== DATA RECORDS ==
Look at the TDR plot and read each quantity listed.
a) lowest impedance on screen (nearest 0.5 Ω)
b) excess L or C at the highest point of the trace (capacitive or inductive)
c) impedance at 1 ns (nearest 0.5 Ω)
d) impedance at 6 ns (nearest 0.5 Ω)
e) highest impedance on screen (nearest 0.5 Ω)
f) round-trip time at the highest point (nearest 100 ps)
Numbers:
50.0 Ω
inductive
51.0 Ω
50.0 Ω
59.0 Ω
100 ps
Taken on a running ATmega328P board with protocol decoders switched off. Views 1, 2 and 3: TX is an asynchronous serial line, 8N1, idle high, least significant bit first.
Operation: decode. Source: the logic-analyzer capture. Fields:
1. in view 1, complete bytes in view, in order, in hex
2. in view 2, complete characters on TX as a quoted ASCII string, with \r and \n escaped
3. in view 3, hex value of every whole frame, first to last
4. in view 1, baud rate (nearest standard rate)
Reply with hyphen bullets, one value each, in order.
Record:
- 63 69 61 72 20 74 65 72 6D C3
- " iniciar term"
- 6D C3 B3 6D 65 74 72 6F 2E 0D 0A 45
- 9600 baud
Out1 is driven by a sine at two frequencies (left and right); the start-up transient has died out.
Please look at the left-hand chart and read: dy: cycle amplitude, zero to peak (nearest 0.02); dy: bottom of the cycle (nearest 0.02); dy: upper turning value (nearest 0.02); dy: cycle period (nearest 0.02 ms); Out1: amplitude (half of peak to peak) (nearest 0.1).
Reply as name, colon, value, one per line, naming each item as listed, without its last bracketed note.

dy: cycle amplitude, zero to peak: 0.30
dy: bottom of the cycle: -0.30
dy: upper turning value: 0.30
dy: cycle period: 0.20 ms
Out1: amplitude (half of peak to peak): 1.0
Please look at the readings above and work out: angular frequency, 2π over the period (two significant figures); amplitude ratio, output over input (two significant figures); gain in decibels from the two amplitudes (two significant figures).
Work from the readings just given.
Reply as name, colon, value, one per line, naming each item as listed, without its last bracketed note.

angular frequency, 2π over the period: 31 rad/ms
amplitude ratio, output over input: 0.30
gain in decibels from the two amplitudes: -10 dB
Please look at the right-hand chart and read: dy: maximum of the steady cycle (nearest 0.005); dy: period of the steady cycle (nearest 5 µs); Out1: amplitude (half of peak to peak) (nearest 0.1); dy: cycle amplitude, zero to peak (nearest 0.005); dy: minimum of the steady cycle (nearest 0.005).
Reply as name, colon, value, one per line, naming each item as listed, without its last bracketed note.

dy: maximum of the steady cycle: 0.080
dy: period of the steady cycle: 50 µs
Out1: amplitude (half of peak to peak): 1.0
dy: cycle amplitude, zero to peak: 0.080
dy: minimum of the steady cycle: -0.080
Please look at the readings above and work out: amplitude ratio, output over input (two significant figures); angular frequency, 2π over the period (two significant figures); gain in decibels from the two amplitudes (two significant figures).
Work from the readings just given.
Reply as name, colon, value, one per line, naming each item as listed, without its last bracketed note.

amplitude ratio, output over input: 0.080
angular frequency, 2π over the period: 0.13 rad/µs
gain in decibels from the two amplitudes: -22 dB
===
PROMPT | Tally up the lines in the records containing the word "above", then give the count and nothing else.

RESPONSE TO THIS EXERCISE | 2